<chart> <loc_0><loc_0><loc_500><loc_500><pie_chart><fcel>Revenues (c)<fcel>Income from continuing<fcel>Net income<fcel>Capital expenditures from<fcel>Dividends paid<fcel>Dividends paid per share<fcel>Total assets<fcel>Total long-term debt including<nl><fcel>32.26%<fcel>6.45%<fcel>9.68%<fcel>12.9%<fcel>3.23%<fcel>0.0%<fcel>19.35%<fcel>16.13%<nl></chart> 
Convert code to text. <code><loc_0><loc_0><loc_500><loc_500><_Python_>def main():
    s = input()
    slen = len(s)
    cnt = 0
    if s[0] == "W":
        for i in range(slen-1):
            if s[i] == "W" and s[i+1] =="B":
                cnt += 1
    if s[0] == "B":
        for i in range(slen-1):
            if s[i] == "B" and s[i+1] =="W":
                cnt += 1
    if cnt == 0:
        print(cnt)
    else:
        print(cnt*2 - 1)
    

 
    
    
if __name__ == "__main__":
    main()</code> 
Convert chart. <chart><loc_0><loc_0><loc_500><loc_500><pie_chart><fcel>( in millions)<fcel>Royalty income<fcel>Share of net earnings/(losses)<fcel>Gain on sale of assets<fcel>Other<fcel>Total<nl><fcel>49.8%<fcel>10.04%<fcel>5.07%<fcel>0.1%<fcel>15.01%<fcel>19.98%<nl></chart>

******

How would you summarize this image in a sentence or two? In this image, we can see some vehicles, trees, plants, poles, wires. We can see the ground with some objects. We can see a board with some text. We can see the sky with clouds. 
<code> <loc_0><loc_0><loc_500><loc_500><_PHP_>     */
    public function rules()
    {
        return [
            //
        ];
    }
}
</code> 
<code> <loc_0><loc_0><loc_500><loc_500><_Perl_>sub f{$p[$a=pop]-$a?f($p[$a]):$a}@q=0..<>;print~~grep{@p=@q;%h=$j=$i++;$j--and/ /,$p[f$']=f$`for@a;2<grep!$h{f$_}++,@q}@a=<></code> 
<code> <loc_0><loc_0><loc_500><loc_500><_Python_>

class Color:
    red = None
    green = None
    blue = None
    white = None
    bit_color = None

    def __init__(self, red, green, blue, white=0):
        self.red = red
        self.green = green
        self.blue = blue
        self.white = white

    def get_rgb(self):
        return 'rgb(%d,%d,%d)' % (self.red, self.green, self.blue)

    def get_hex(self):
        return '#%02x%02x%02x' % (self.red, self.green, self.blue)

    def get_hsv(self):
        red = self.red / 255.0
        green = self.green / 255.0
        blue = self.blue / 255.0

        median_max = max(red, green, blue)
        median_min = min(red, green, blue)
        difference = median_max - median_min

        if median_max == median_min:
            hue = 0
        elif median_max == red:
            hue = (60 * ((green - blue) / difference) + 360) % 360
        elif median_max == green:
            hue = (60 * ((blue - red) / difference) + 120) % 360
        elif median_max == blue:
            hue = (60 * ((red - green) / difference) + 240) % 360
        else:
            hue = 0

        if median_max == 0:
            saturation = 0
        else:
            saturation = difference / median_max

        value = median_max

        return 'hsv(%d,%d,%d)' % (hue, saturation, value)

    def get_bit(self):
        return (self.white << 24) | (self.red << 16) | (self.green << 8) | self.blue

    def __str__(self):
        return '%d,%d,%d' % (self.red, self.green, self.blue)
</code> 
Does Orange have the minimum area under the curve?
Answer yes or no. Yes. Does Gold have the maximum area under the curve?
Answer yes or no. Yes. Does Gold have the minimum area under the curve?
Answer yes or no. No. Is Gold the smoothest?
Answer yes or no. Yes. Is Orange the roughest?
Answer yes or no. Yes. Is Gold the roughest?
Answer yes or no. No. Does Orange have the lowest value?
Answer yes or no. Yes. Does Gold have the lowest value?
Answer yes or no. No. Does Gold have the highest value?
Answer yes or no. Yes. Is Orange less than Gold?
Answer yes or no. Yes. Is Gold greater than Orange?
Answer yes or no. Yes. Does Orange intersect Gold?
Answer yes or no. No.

******

_Exercise:_ Your answer should be each line from the entries that includes the string "minimum".

_Exercise solution:_
Does Orange have the minimum area under the curve?
Answer yes or no. Yes. Does Gold have the minimum area under the curve?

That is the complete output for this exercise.